* [Goal of the exercise] The word "machtigingen" appears in some lines of the records below; state how many lines, and nothing else.

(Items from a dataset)
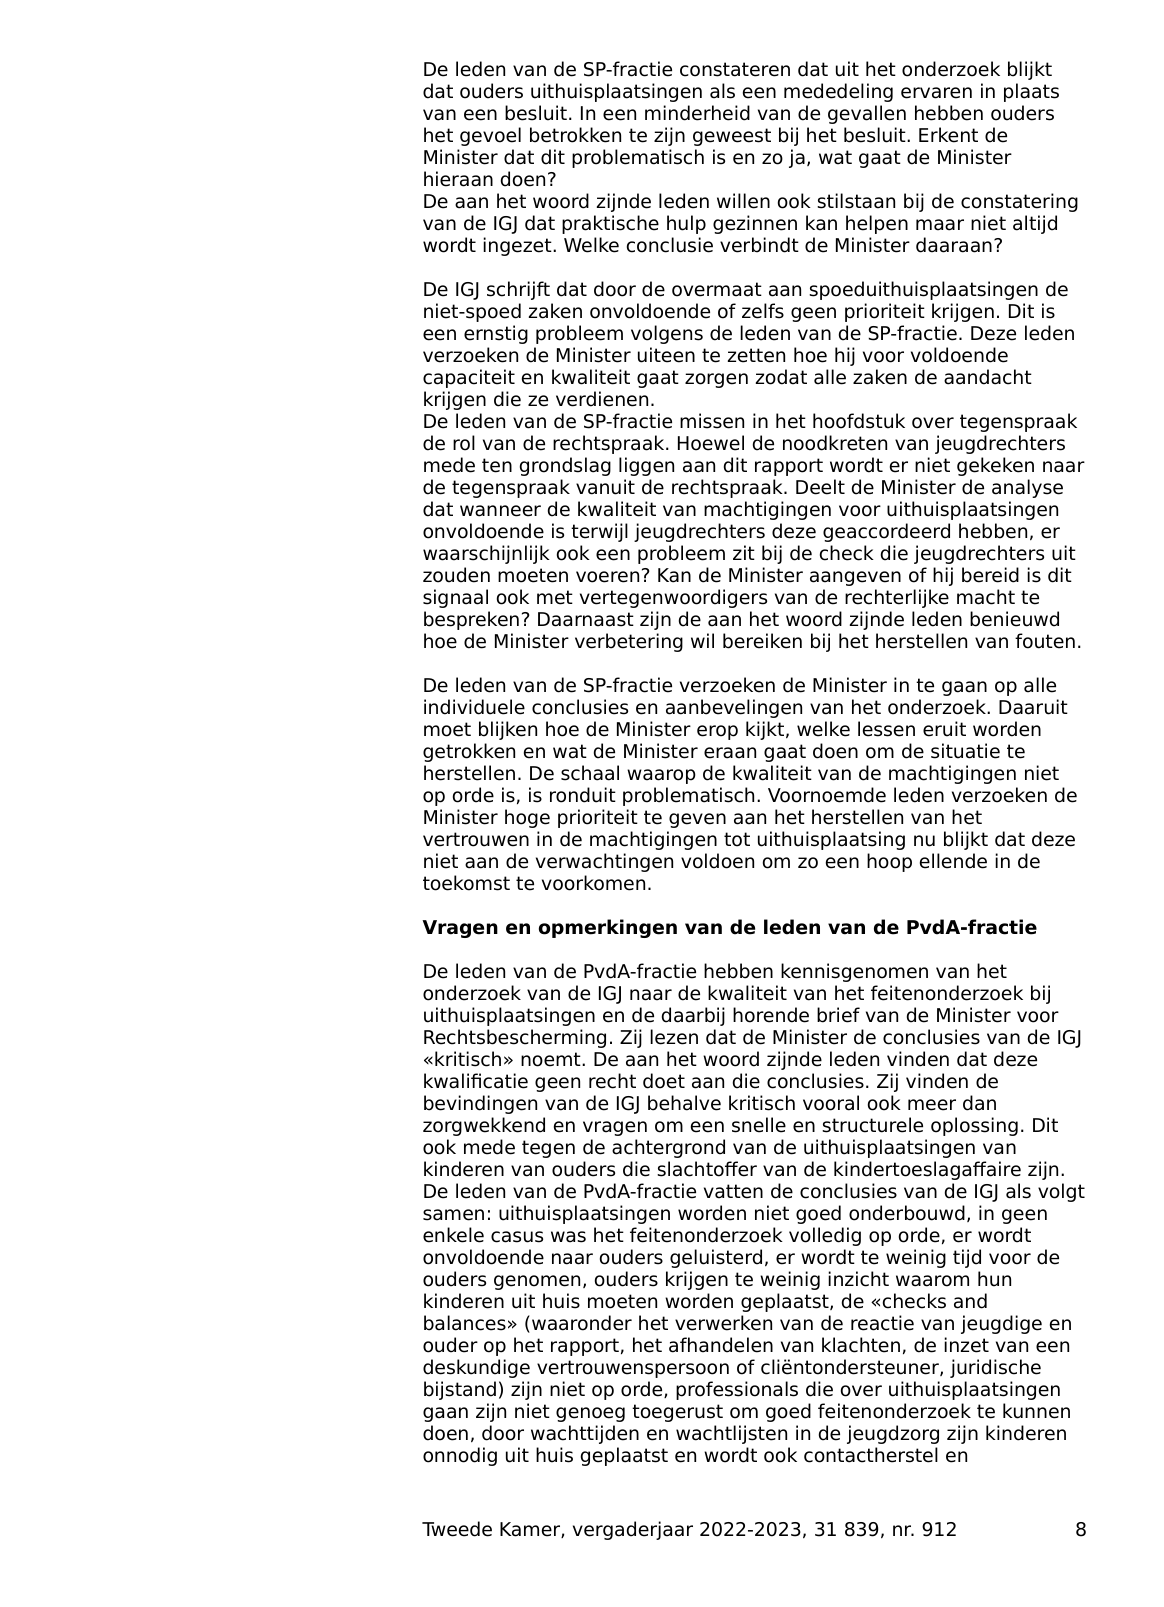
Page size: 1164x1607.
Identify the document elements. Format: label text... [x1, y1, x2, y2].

text De leden van de SP-fractie verzoeken de Minister in te gaan op alle individuele conclusies en aanbevelingen van het onderzoek. Daaruit moet blijken hoe de Minister erop kijkt, welke lessen eruit worden getrokken en wat de Minister eraan gaat doen om de situatie te herstellen. De schaal waarop de kwaliteit van de machtigingen niet op orde is, is ronduit problematisch. Voornoemde leden verzoeken de Minister hoge prioriteit te geven aan het herstellen van het vertrouwen in de machtigingen tot uithuisplaatsing nu blijkt dat deze niet aan de verwachtingen voldoen om zo een hoop ellende in de toekomst te voorkomen. [422, 675, 1087, 895]
text De leden van de SP-fractie constateren dat uit het onderzoek blijkt dat ouders uithuisplaatsingen als een mededeling ervaren in plaats van een besluit. In een minderheid van de gevallen hebben ouders het gevoel betrokken te zijn geweest bij het besluit. Erkent de Minister dat dit problematisch is en zo ja, wat gaat de Minister hieraan doen? [422, 59, 1087, 191]
text De leden van de SP-fractie missen in het hoofdstuk over tegenspraak de rol van de rechtspraak. Hoewel de noodkreten van jeugdrechters mede ten grondslag liggen aan dit rapport wordt er niet gekeken naar de tegenspraak vanuit de rechtspraak. Deelt de Minister de analyse dat wanneer de kwaliteit van machtigingen voor uithuisplaatsingen onvoldoende is terwijl jeugdrechters deze geaccordeerd hebben, er waarschijnlijk ook een probleem zit bij de check die jeugdrechters uit zouden moeten voeren? Kan de Minister aangeven of hij bereid is dit signaal ook met vertegenwoordigers van de rechterlijke macht te bespreken? Daarnaast zijn de aan het woord zijnde leden benieuwd hoe de Minister verbetering wil bereiken bij het herstellen van fouten. [422, 411, 1087, 653]
subtitle Vragen en opmerkingen van de leden van de PvdA-fractie [422, 917, 1087, 939]
text De aan het woord zijnde leden willen ook stilstaan bij de constatering van de IGJ dat praktische hulp gezinnen kan helpen maar niet altijd wordt ingezet. Welke conclusie verbindt de Minister daaraan? [422, 191, 1087, 257]
text De IGJ schrijft dat door de overmaat aan spoeduithuisplaatsingen de niet-spoed zaken onvoldoende of zelfs geen prioriteit krijgen. Dit is een ernstig probleem volgens de leden van de SP-fractie. Deze leden verzoeken de Minister uiteen te zetten hoe hij voor voldoende capaciteit en kwaliteit gaat zorgen zodat alle zaken de aandacht krijgen die ze verdienen. [422, 279, 1087, 411]
text De leden van de PvdA-fractie hebben kennisgenomen van het onderzoek van de IGJ naar de kwaliteit van het feitenonderzoek bij uithuisplaatsingen en de daarbij horende brief van de Minister voor Rechtsbescherming. Zij lezen dat de Minister de conclusies van de IGJ «kritisch» noemt. De aan het woord zijnde leden vinden dat deze kwalificatie geen recht doet aan die conclusies. Zij vinden de bevindingen van de IGJ behalve kritisch vooral ook meer dan zorgwekkend en vragen om een snelle en structurele oplossing. Dit ook mede tegen de achtergrond van de uithuisplaatsingen van kinderen van ouders die slachtoffer van de kindertoeslagaffaire zijn. De leden van de PvdA-fractie vatten de conclusies van de IGJ als volgt samen: uithuisplaatsingen worden niet goed onderbouwd, in geen enkele casus was het feitenonderzoek volledig op orde, er wordt onvoldoende naar ouders geluisterd, er wordt te weinig tijd voor de ouders genomen, ouders krijgen te weinig inzicht waarom hun kinderen uit huis moeten worden geplaatst, de «checks and balances» (waaronder het verwerken van de reactie van jeugdige en ouder op het rapport, het afhandelen van klachten, de inzet van een deskundige vertrouwenspersoon of cliëntondersteuner, juridische bijstand) zijn niet op orde, professionals die over uithuisplaatsingen gaan zijn niet genoeg toegerust om goed feitenonderzoek te kunnen doen, door wachttijden en wachtlijsten in de jeugdzorg zijn kinderen onnodig uit huis geplaatst en wordt ook contactherstel en [422, 961, 1087, 1467]

* [Exercise solution] 2